*DESCRIPTION OF THE TASK*. Every entry below is to be returned unchanged. Images are not part of the copy.
INFORMATION SUPPLIED below:
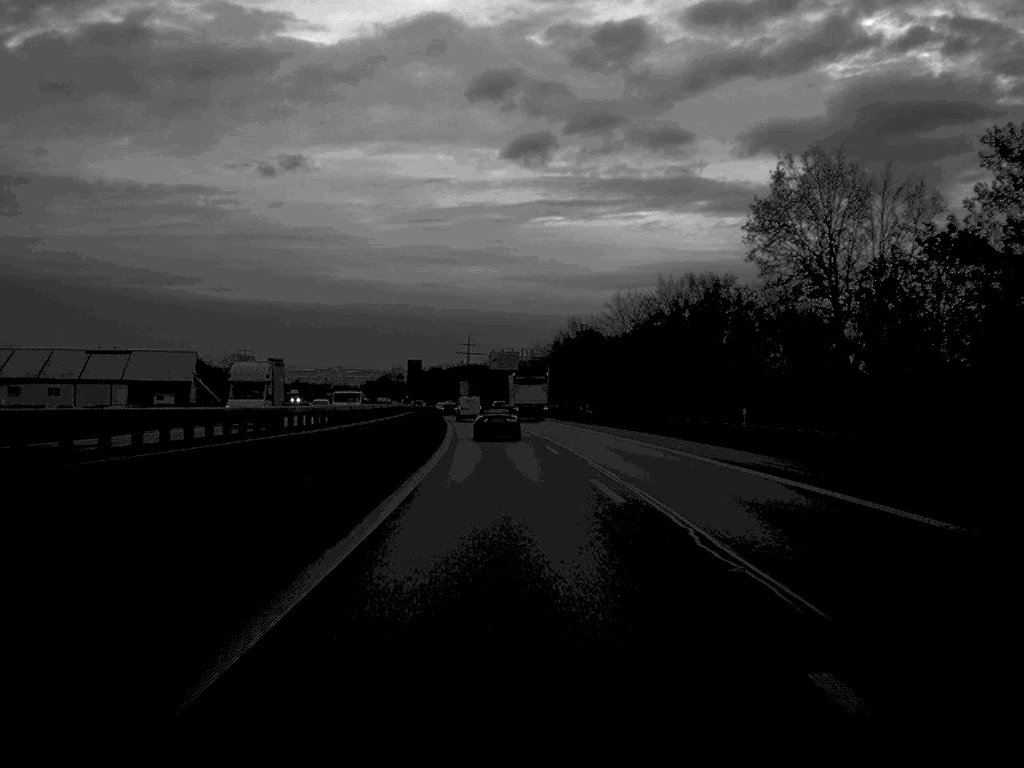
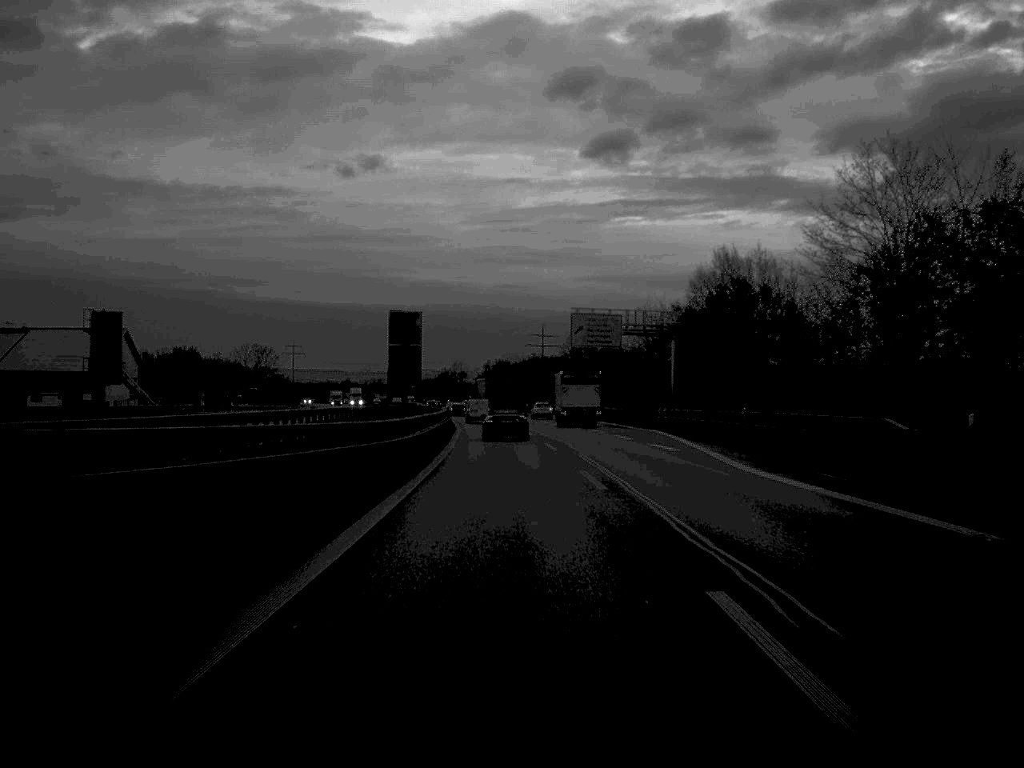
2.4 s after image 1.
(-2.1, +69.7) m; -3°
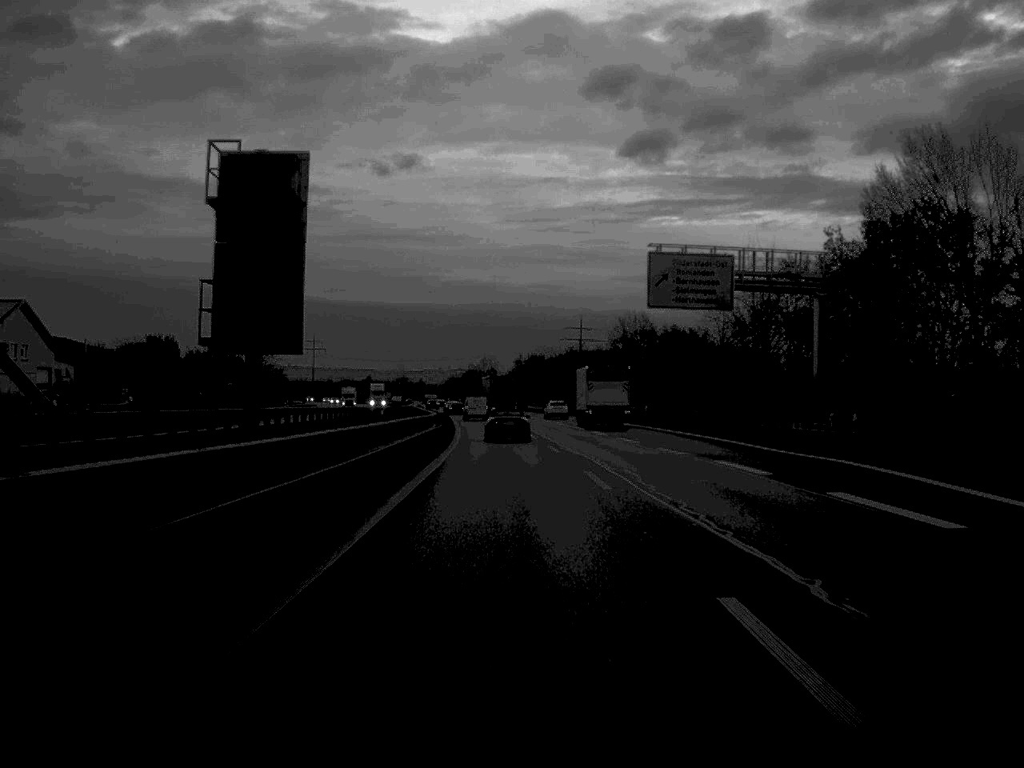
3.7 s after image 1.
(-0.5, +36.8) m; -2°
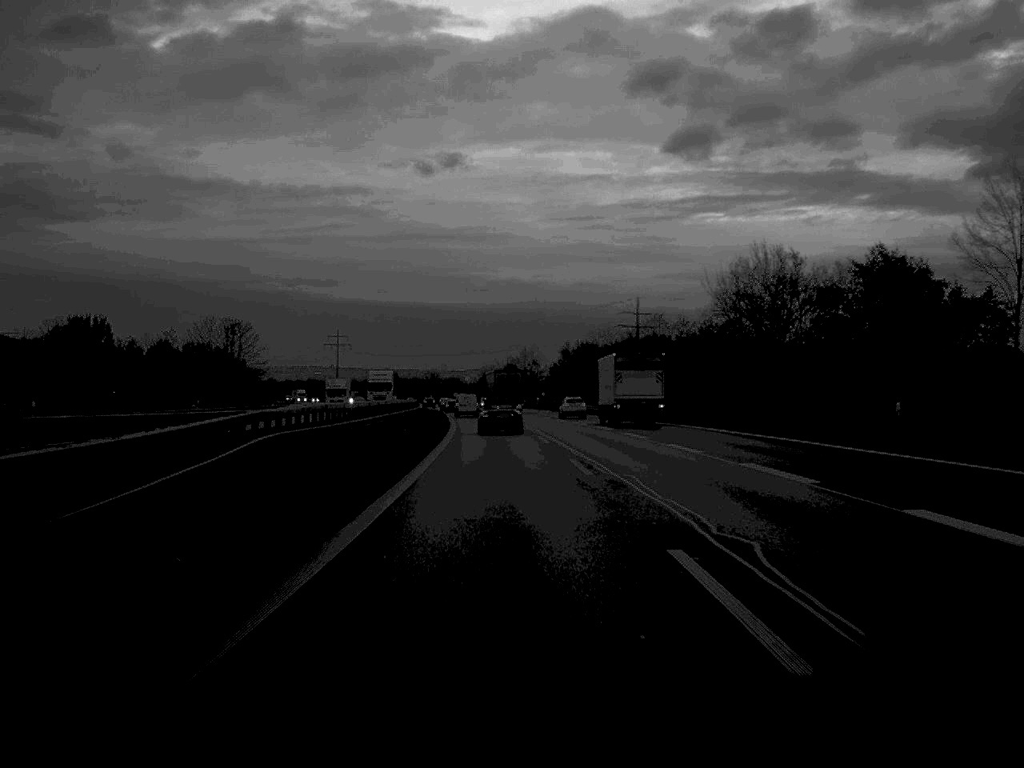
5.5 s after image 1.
End of INFORMATION SUPPLIED.
*WRITTEN SOLUTION*.
2.4 s after image 1.
(-2.1, +69.7) m; -3°
3.7 s after image 1.
(-0.5, +36.8) m; -2°
5.5 s after image 1.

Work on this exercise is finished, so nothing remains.